The real estate transfer tax is imposed on the sale of residential property as follows:
One percent of the portion of the selling price that is equal to or greater than $3,051,000, but less than $5,026,000;
Two percent of the portion of the selling price that is equal to or greater than $5,026,000, but less than $10,026,000; and
Three percent of the portion of the selling price that is equal to or greater than $10,026,000.
The selling price threshold in subsection (1) of this section must be adjusted by the department in accordance with RCW 82.45.060(2).
The amounts collected from the tax imposed under this section must be deposited as follows:
40 percent must be deposited into the developmental disabilities housing and services account created in section 4 of this act;
40 percent must be deposited into the affordable housing for all account created in RCW 43.185C.190 for operations, maintenance, and service costs for permanent supportive housing as defined in RCW 36.70A.030;
10 percent must be deposited into the housing stability account created in section 5 of this act; and
10 percent must be deposited into the Washington housing trust fund created in RCW 43.185A.130 solely for farmworker housing.

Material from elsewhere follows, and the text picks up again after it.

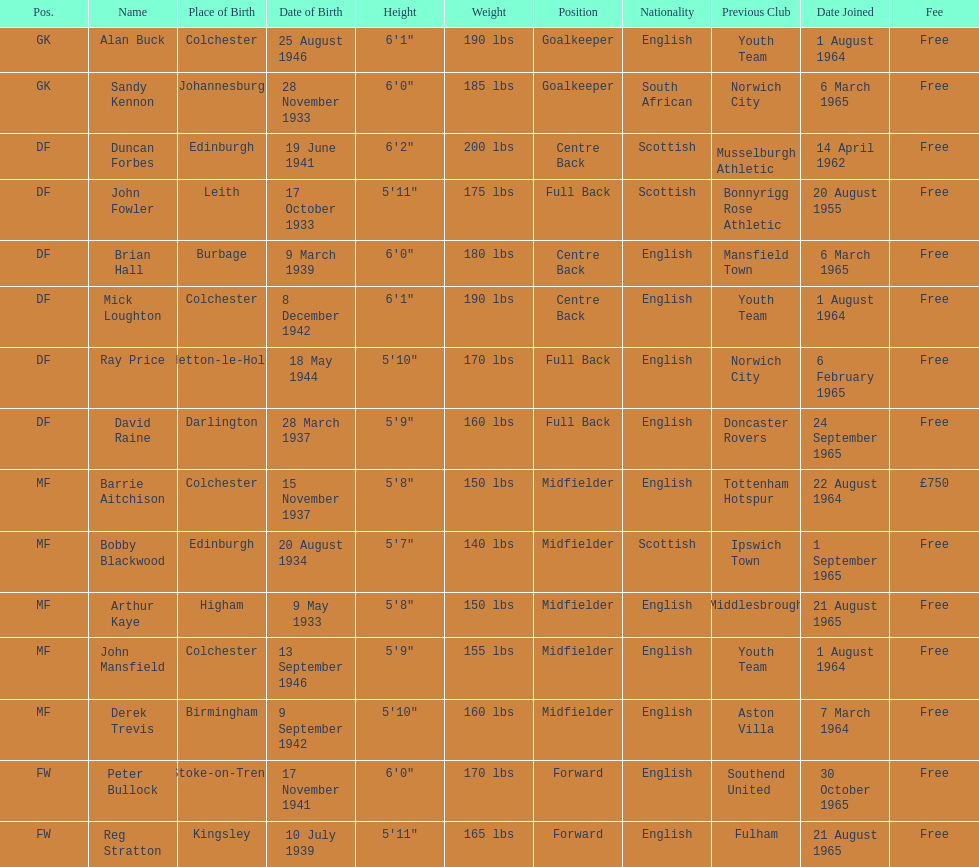Can you parse all the data within this table? {'header': ['Pos.', 'Name', 'Place of Birth', 'Date of Birth', 'Height', 'Weight', 'Position', 'Nationality', 'Previous Club', 'Date Joined', 'Fee'], 'rows': [['GK', 'Alan Buck', 'Colchester', '25 August 1946', '6\'1"', '190 lbs', 'Goalkeeper', 'English', 'Youth Team', '1 August 1964', 'Free'], ['GK', 'Sandy Kennon', 'Johannesburg', '28 November 1933', '6\'0"', '185 lbs', 'Goalkeeper', 'South African', 'Norwich City', '6 March 1965', 'Free'], ['DF', 'Duncan Forbes', 'Edinburgh', '19 June 1941', '6\'2"', '200 lbs', 'Centre Back', 'Scottish', 'Musselburgh Athletic', '14 April 1962', 'Free'], ['DF', 'John Fowler', 'Leith', '17 October 1933', '5\'11"', '175 lbs', 'Full Back', 'Scottish', 'Bonnyrigg Rose Athletic', '20 August 1955', 'Free'], ['DF', 'Brian Hall', 'Burbage', '9 March 1939', '6\'0"', '180 lbs', 'Centre Back', 'English', 'Mansfield Town', '6 March 1965', 'Free'], ['DF', 'Mick Loughton', 'Colchester', '8 December 1942', '6\'1"', '190 lbs', 'Centre Back', 'English', 'Youth Team', '1 August 1964', 'Free'], ['DF', 'Ray Price', 'Hetton-le-Hole', '18 May 1944', '5\'10"', '170 lbs', 'Full Back', 'English', 'Norwich City', '6 February 1965', 'Free'], ['DF', 'David Raine', 'Darlington', '28 March 1937', '5\'9"', '160 lbs', 'Full Back', 'English', 'Doncaster Rovers', '24 September 1965', 'Free'], ['MF', 'Barrie Aitchison', 'Colchester', '15 November 1937', '5\'8"', '150 lbs', 'Midfielder', 'English', 'Tottenham Hotspur', '22 August 1964', '£750'], ['MF', 'Bobby Blackwood', 'Edinburgh', '20 August 1934', '5\'7"', '140 lbs', 'Midfielder', 'Scottish', 'Ipswich Town', '1 September 1965', 'Free'], ['MF', 'Arthur Kaye', 'Higham', '9 May 1933', '5\'8"', '150 lbs', 'Midfielder', 'English', 'Middlesbrough', '21 August 1965', 'Free'], ['MF', 'John Mansfield', 'Colchester', '13 September 1946', '5\'9"', '155 lbs', 'Midfielder', 'English', 'Youth Team', '1 August 1964', 'Free'], ['MF', 'Derek Trevis', 'Birmingham', '9 September 1942', '5\'10"', '160 lbs', 'Midfielder', 'English', 'Aston Villa', '7 March 1964', 'Free'], ['FW', 'Peter Bullock', 'Stoke-on-Trent', '17 November 1941', '6\'0"', '170 lbs', 'Forward', 'English', 'Southend United', '30 October 1965', 'Free'], ['FW', 'Reg Stratton', 'Kingsley', '10 July 1939', '5\'11"', '165 lbs', 'Forward', 'English', 'Fulham', '21 August 1965', 'Free']]} What is the date of the lst player that joined? 20 August 1955. 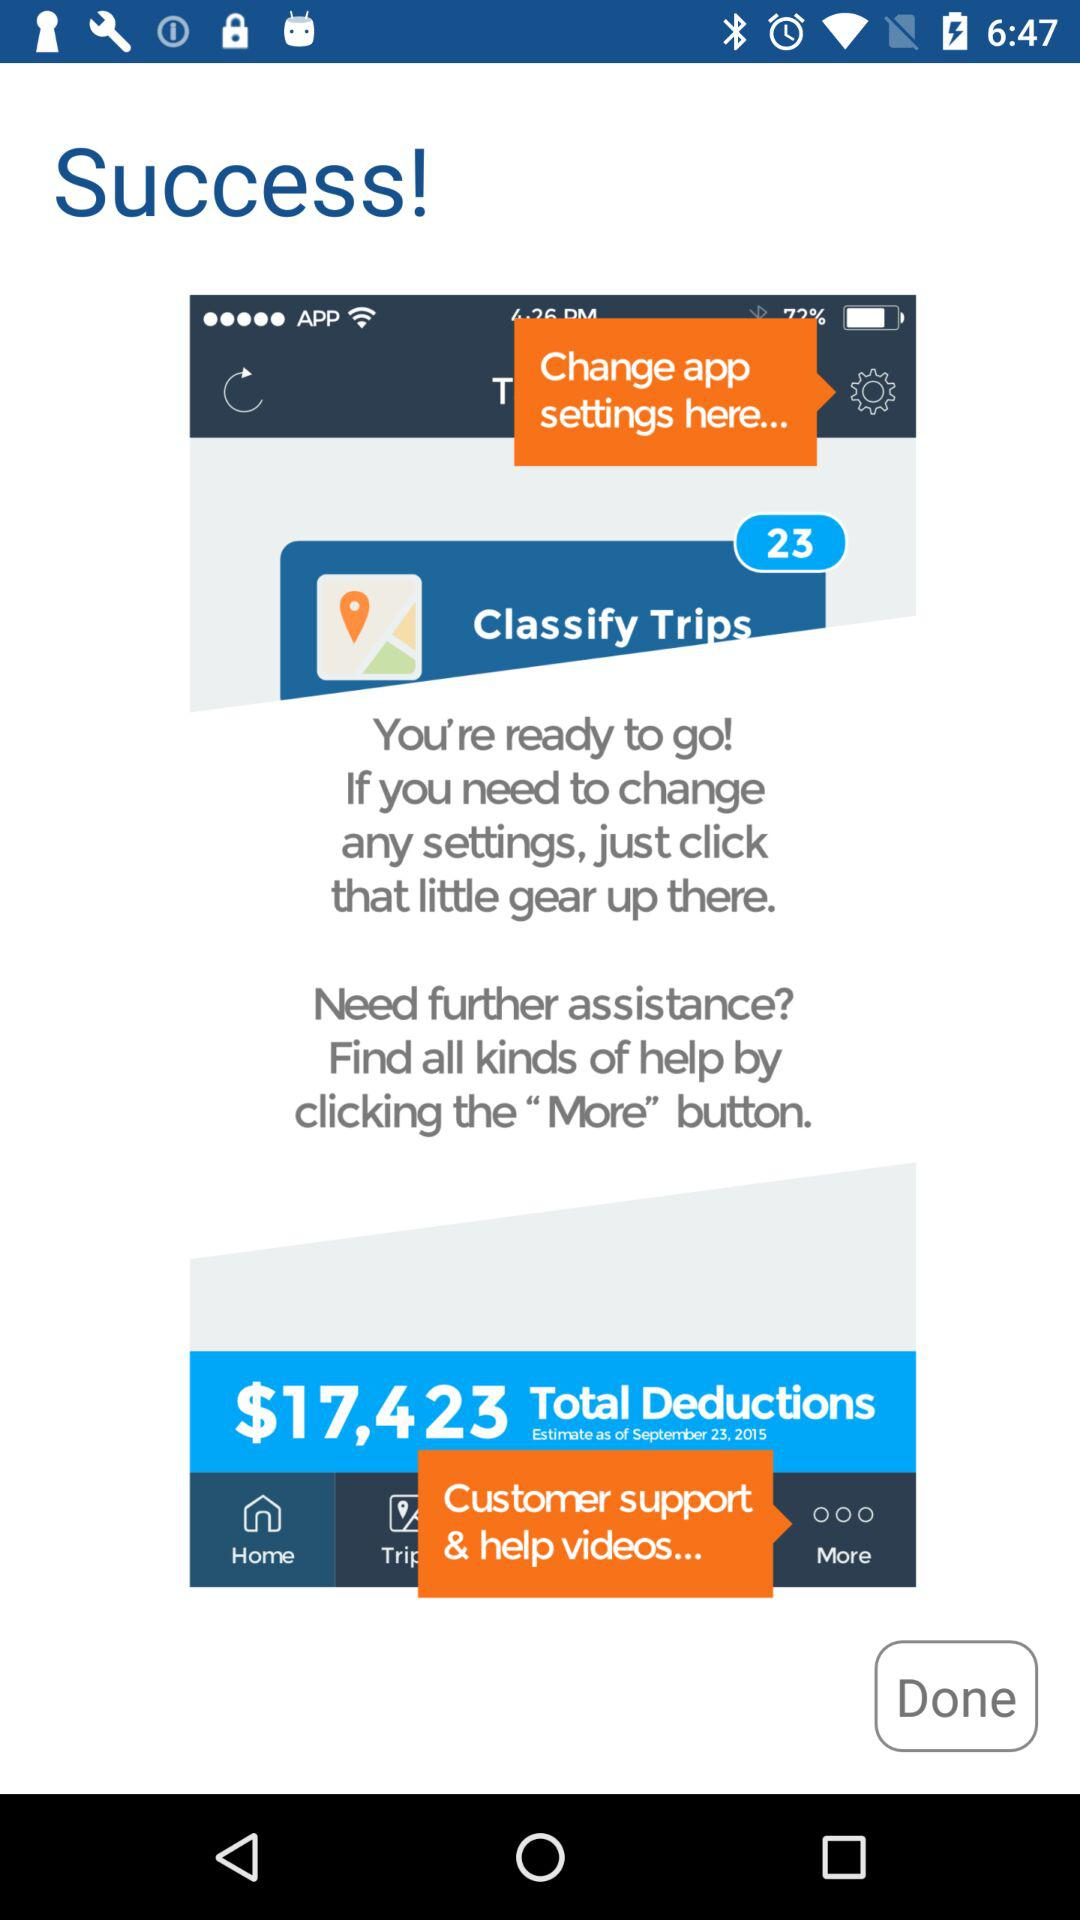What are the total deductions? The total deductions are $17,423.

For the purposes of this section, "residential property" means a single-family dwelling unit whether such unit be separate or part of a multiunit dwelling.
The developmental disabilities housing and services account is created in the state treasury. Receipts from the real estate transfer tax directed to this account pursuant to RCW 82.45.230 must be deposited into the account. Moneys in the account may only be spent after appropriation.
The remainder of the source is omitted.